The human nose contains millions of olfactory receptors that usually exceed 10 million. The link between the olfactory of the brain and receptors facilitates immediate recognition of the sense of smell. The connection is also interlinked to the limbic system responsible for the emotional response to unfavorable environmental conditions. For instance, a smell of a dangerous compound influences an immediate response to move quickly out of the danger zone and seek corrective actions where possible. This explains that the message is sent to the brain, where it is interpreted and instructions are sent to the body to leave the dangerous place.
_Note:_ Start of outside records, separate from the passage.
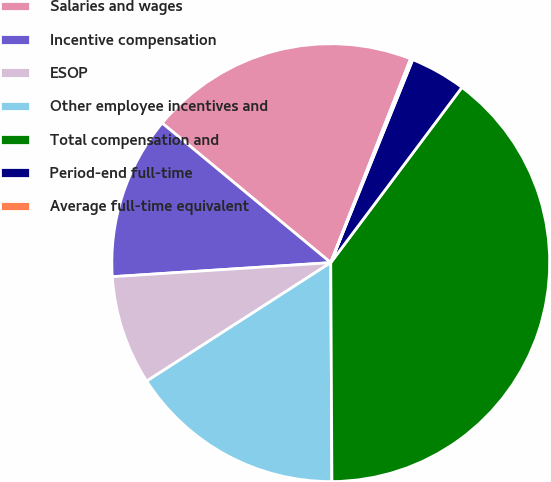Convert chart to OTSL. <chart><loc_0><loc_0><loc_500><loc_500><pie_chart><fcel>Salaries and wages<fcel>Incentive compensation<fcel>ESOP<fcel>Other employee incentives and<fcel>Total compensation and<fcel>Period-end full-time<fcel>Average full-time equivalent<nl><fcel>19.93%<fcel>12.03%<fcel>8.08%<fcel>15.98%<fcel>39.69%<fcel>4.12%<fcel>0.17%<nl></chart> 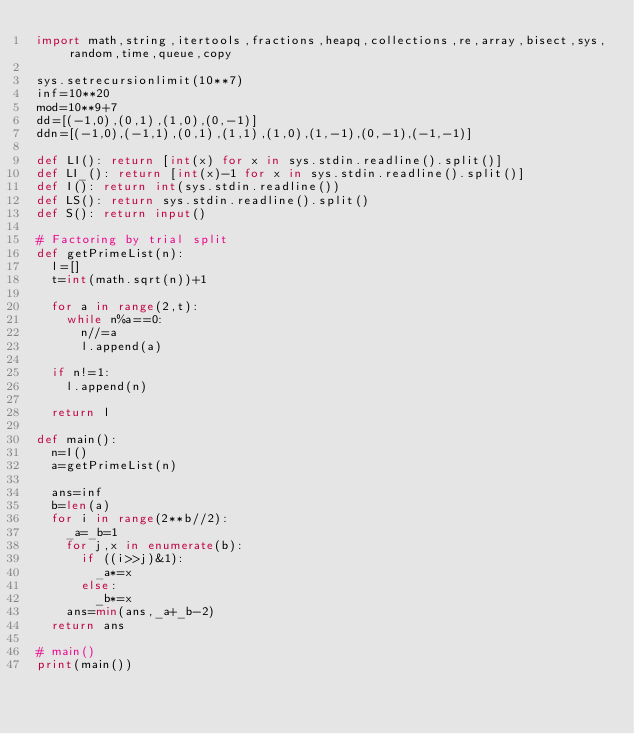<code> <loc_0><loc_0><loc_500><loc_500><_Python_>import math,string,itertools,fractions,heapq,collections,re,array,bisect,sys,random,time,queue,copy

sys.setrecursionlimit(10**7)
inf=10**20
mod=10**9+7
dd=[(-1,0),(0,1),(1,0),(0,-1)]
ddn=[(-1,0),(-1,1),(0,1),(1,1),(1,0),(1,-1),(0,-1),(-1,-1)]

def LI(): return [int(x) for x in sys.stdin.readline().split()]
def LI_(): return [int(x)-1 for x in sys.stdin.readline().split()]
def I(): return int(sys.stdin.readline())
def LS(): return sys.stdin.readline().split()
def S(): return input()

# Factoring by trial split
def getPrimeList(n):
  l=[]
  t=int(math.sqrt(n))+1
  
  for a in range(2,t):
    while n%a==0:
      n//=a
      l.append(a)
  
  if n!=1:
    l.append(n)
  
  return l

def main():
  n=I()
  a=getPrimeList(n)

  ans=inf
  b=len(a)
  for i in range(2**b//2):
    _a=_b=1
    for j,x in enumerate(b):
      if ((i>>j)&1):
        _a*=x
      else:
        _b*=x
    ans=min(ans,_a+_b-2)
  return ans

# main()
print(main())
</code> 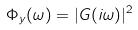<formula> <loc_0><loc_0><loc_500><loc_500>\Phi _ { y } ( \omega ) = | G ( i \omega ) | ^ { 2 }</formula> 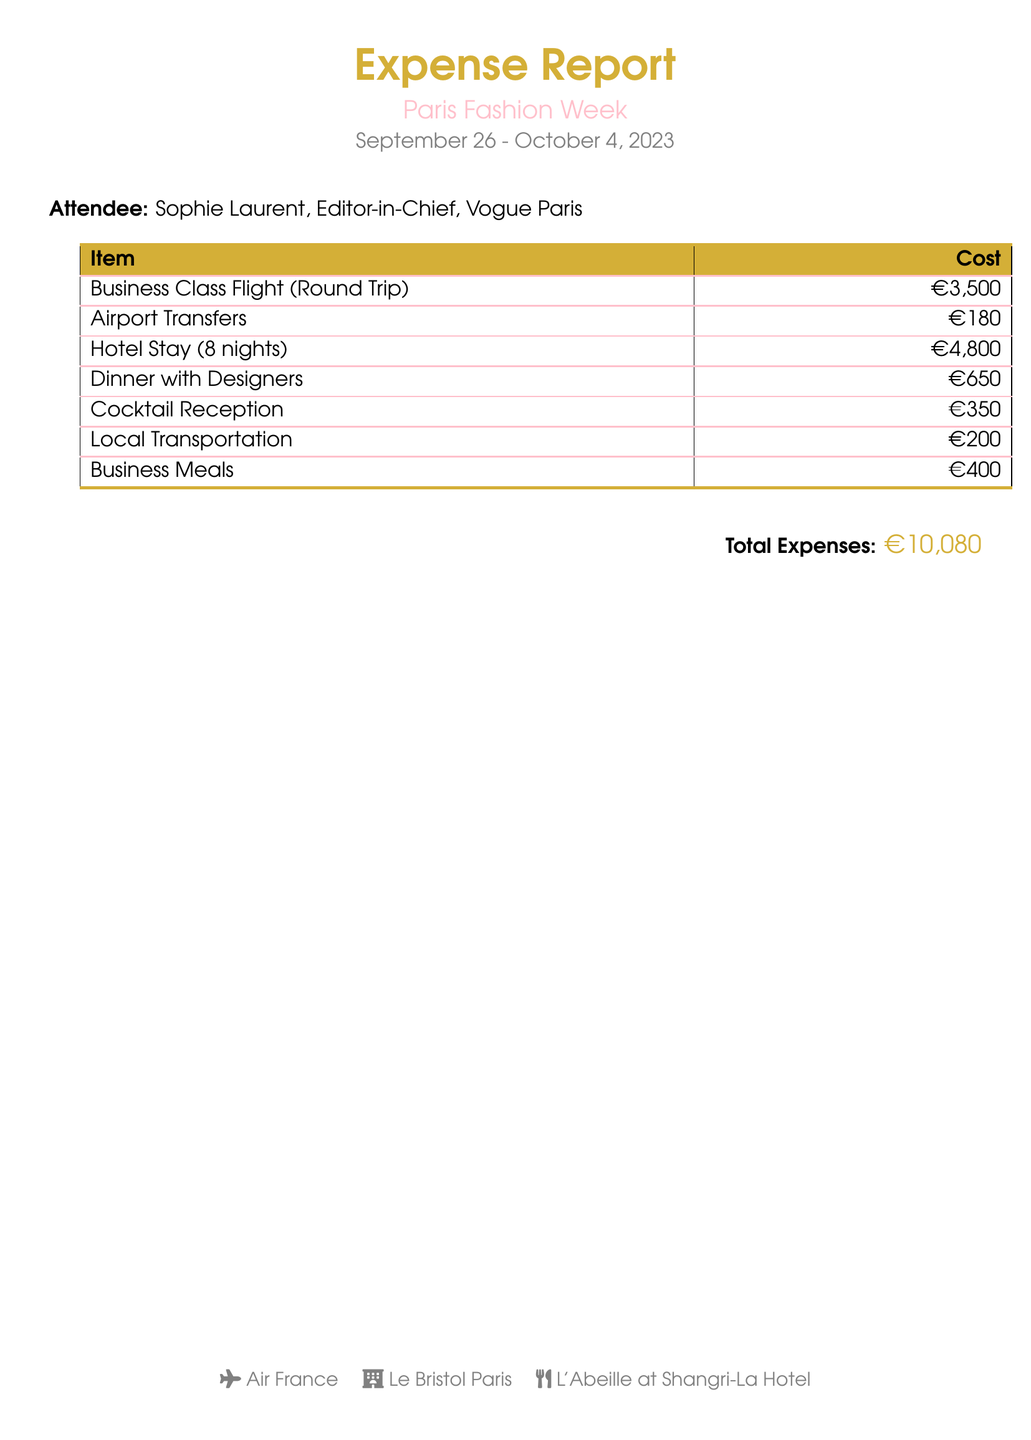what is the total expense? The total expenses are presented at the bottom of the document as a sum of individual costs.
Answer: €10,080 who is the attendee? The name and title of the attendee are listed at the start of the document.
Answer: Sophie Laurent, Editor-in-Chief, Vogue Paris how many nights was the hotel stay? The duration of the hotel stay is specified in the cost section of the document.
Answer: 8 nights what was the cost of the business class flight? The cost of the business class flight is explicitly listed in the expense report.
Answer: €3,500 what is the cost of dinner with designers? The expense section provides a specific cost for the dinner with designers.
Answer: €650 how much was spent on local transportation? The document includes a line item for local transportation expenses.
Answer: €200 who was the airline provider? The airline provider is mentioned at the end of the document with an icon.
Answer: Air France what was the accommodation name? The hotel where the attendee stayed is provided in the footer of the document.
Answer: Le Bristol Paris how much did the cocktail reception cost? The cost for the cocktail reception is detailed in the expense report.
Answer: €350

In the military, soldiers are taught how to identify different chemical smells and encouraged to respond appropriately. They are expected to act based on how they were taught to limit damages from the attack and help save lives. The reaction to unfavorable smells usually varies with individuals where the limbic systems influence a flight response. In some cases, the response may depend on the experiences or training on the best way to handle certain situations. The reaction is usually fast since survival is always prioritized. A fast reaction is possible because the sensor is directly connected to the brain, which interprets and sends immediate instructions to other parts of the body to respond to the perceived danger. The body coordinates responsible parts to take the necessary corrective actions to avoid dangerous situations. These systems support the making of appropriate decisions such as determining the quality of food and identifying dangerous substances.